▸ **Exercise prompt**
Starting at the line containing "Meters and whole degrees." and ending at the line containing "Numbers: x, y, z, sx, sy, sz, roll, pitch, yaw.", print every line of the material below exactly, both ends included, and stop there.

▸ **Task input**

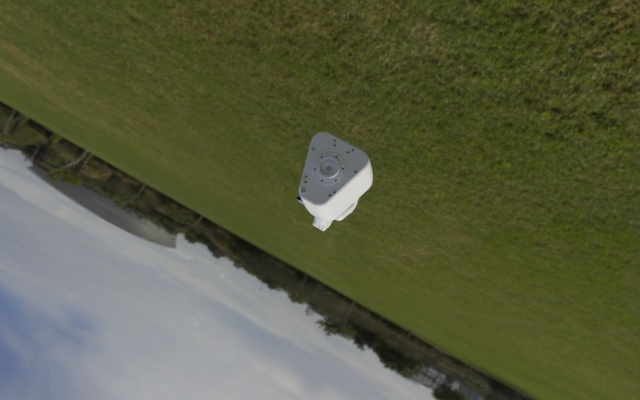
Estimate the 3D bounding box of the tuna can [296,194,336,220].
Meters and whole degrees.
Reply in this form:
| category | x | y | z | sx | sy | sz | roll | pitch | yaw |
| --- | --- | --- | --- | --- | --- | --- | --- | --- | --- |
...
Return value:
| category | x | y | z | sx | sy | sz | roll | pitch | yaw |
| --- | --- | --- | --- | --- | --- | --- | --- | --- | --- |
| tuna can | 0.000 | 0.003 | 0.863 | 0.086 | 0.034 | 0.086 | 27 | -5 | 3 |
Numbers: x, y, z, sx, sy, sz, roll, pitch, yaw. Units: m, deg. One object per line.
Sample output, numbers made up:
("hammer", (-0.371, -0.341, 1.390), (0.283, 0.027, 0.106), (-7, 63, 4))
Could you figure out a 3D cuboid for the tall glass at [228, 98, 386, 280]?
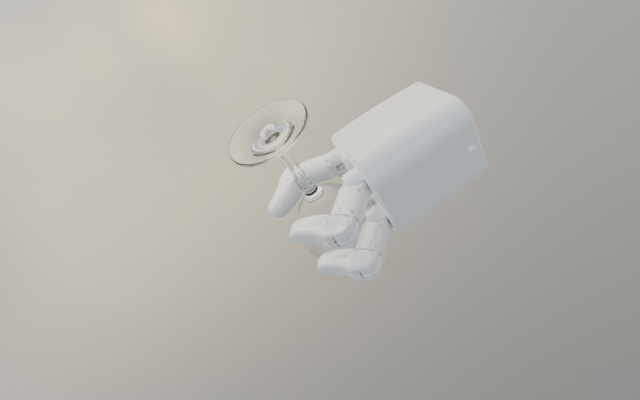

▸ **Solution to this task**
Meters and whole degrees.
Reply in this form:
| category | x | y | z | sx | sy | sz | roll | pitch | yaw |
| --- | --- | --- | --- | --- | --- | --- | --- | --- | --- |
...
Return value:
| category | x | y | z | sx | sy | sz | roll | pitch | yaw |
| --- | --- | --- | --- | --- | --- | --- | --- | --- | --- |
| tuna can | 0.000 | 0.003 | 0.863 | 0.086 | 0.034 | 0.086 | 27 | -5 | 3 |
Numbers: x, y, z, sx, sy, sz, roll, pitch, yaw. Units: m, deg. One object per line.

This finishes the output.